El manager de los Boston Red Sox, Bill Carrigan, hizo las maletas para Maine al final de la temporada de 1916. Ya había terminado. Para Babe Ruth y el resto del equipo, la postemporada no terminó con el retiro. Terminó con un viaje de caza a New Hampshire. Sus esposas los acompañaron. Fueron unas vacaciones de ganador.
Babe acababa de cobrar su parte de las ganancias de la Serie Mundial. ¿El cheque? $3.780,25. Eso era más que todo su salario anual. Las ganancias de la temporada para el joven lanzador superaron casi los $7,500. Piensa en eso. En esa época se podía comprar un coche nuevo por unos cientos de dólares. Ruth gastó el dinero rápidamente. Compró un terreno de 80 acres en Sudbury, Massachusetts. Estaba a 20 millas de Boston. Él y su esposa Helen la llamaron “Home Plate Farm”.
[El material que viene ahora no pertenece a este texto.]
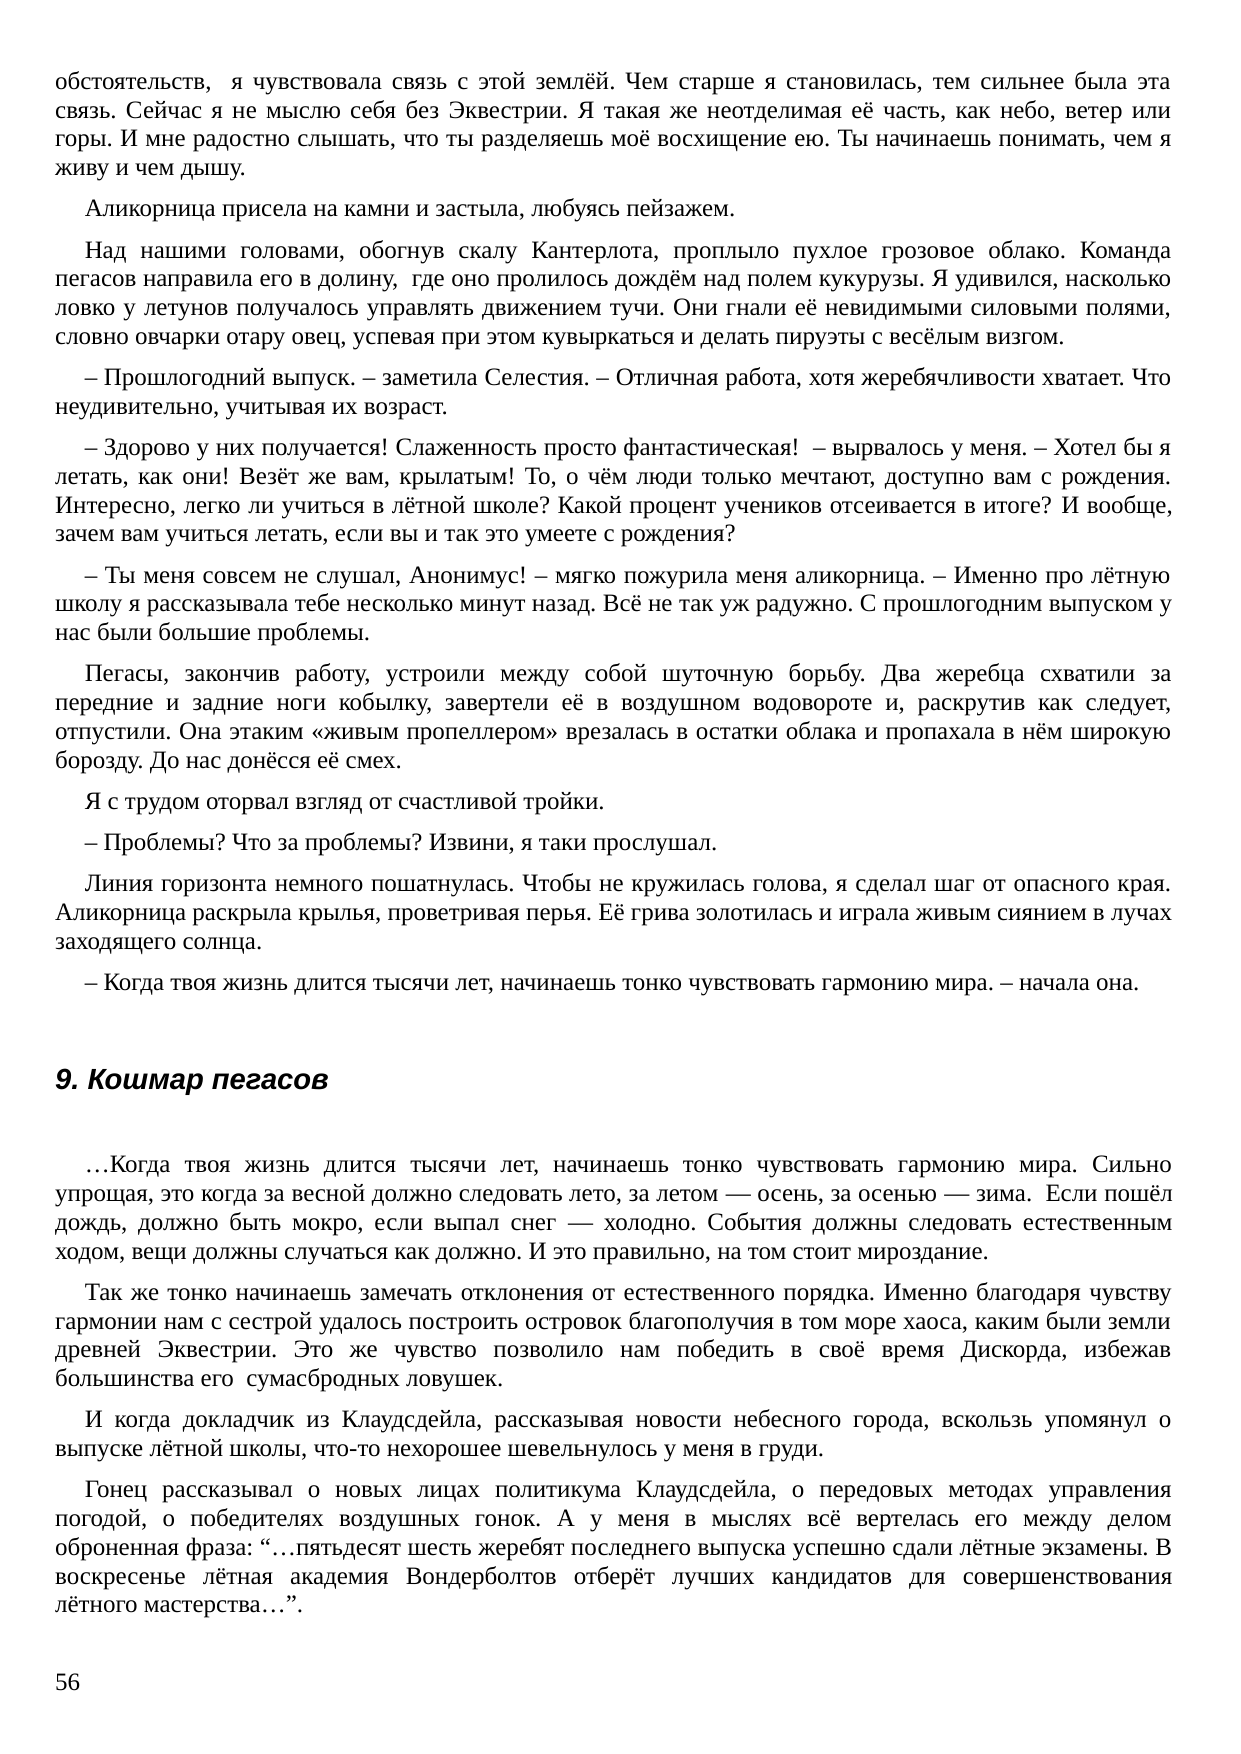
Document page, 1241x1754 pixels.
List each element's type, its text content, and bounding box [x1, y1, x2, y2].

Debería haber sido el paraíso. No lo fue. Helen pasó años allí. A Ruth le pareció demasiado silencioso. Prefería el ruido del mundo. La diversión no iba a parar. Simplemente no sabía qué tan rápido cambiaría.
Llega el villano
Carrigan no fue el único gran nombre que abandonó Boston. Joe Lannin, el dueño, estaba en problemas. Mal corazón. Molesto por la renuncia de Carrigan. Frustrado por la reacción de los fanáticos por el intercambio de Tris Speaker. El 1 de noviembre anunció la venta del club. ¿El precio? $650.000. ¿Los compradores? Un trío de inversores.
El líder era Harry Frazee. Un productor teatral de Nueva York. Más tarde sería recordado como el mayor villano en la historia de los Medias Rojas. ¿Pero en 1917? Era simplemente un showman encantador.
Frazee había pasado de ser botones en Peoria, Illinois, a ser propietario de dos de los mejores teatros del país. Sabía vender. Convenció a los fanáticos de Boston de que se preocupaba por su equipo. No lo hizo. Su mente siempre estaba en el próximo programa.
Al cabo de cinco años, derribaría el equipo. Trasladó el centro de poder de la Liga Americana de Boston a Nueva York. Los Yankees empezaron a ganar campeonatos. Los Medias Rojas comenzaron a tambalearse cerca del final de la clasificación durante más de una década. Nada de eso sucedió de la noche a la mañana.
Frazee pasó sus primeros meses tratando de convencer a Carrigan de que regresara. También afirmó estar negociando un enorme acuerdo de 60.000 dólares para Walter Johnson. Ambos intentos fracasaron. El acuerdo con Johnson probablemente fue una estafa de relaciones públicas. Los fanáticos se lo comieron de todos modos.
Incluso prometió convertirse en residente de Massachusetts, siempre que pudiera regresar a Nueva York cada víspera de Año Nuevo. El Boston Globe escribió:
“Harry Frazee, al menos, combina experiencia en el juego [con] un amor genuino por él… es un fan ‘desde hace mucho tiempo’, y eso es tranquilizador”.
Nadie vio la trampa.
Ruth obtiene un aumento
A Babe Ruth le gustaba Frazee. O al menos le gustaba la idea de él. El presidente de la Liga Americana, Ban Johnson, advirtió que los salarios tenían que bajar para que la liga sobreviviera. Frazee recortó los sueldos de la mayoría de los ganadores de la Serie Mundial. Casi no ofreció aumentos.
Excepto uno. El salario de Ruth pasó de $3,500 a $5,000. Estaba contento. Se presentó a los entrenamientos de primavera en Hot Springs, Arkansas. Estaba en forma. Helena estaba con él.
Se sentía como un veterano. Sus compañeros lo aceptaron como una estrella. El campamento bajo el nuevo gerente Jack Barry estaba relajado. Despreocupado. La carcajada de Ruth resonó en las boleras y alrededor de las mesas de póquer.
El mundo real estaba tenso. La amenaza de la Primera Guerra Mundial iba en aumento. Ban Johnson ordenó prácticas de ejercicios. Los jugadores lo ignoraron. Luego, el presidente Woodrow Wilson declaró la guerra a Alemania el 2 de abril. Finalmente, los equipos se lo tomaron en serio. Los peloteros marcharon a tiempo antes del Día Inaugural.
El patriotismo llenó el aire. Babe Ruth blanqueó a los Yankees 10-0 en el primer partido de Boston en el Polo Grounds.
Pero este fue un pico antes de la caída. La infraestructura del equipo se estaba pudriendo de arriba hacia abajo. El dinero se iba a otra parte. El talento estaba siendo intercambiado.
El futuro de Ruth tuvo altibajos. El ascenso fue real. Se acercaba la caída.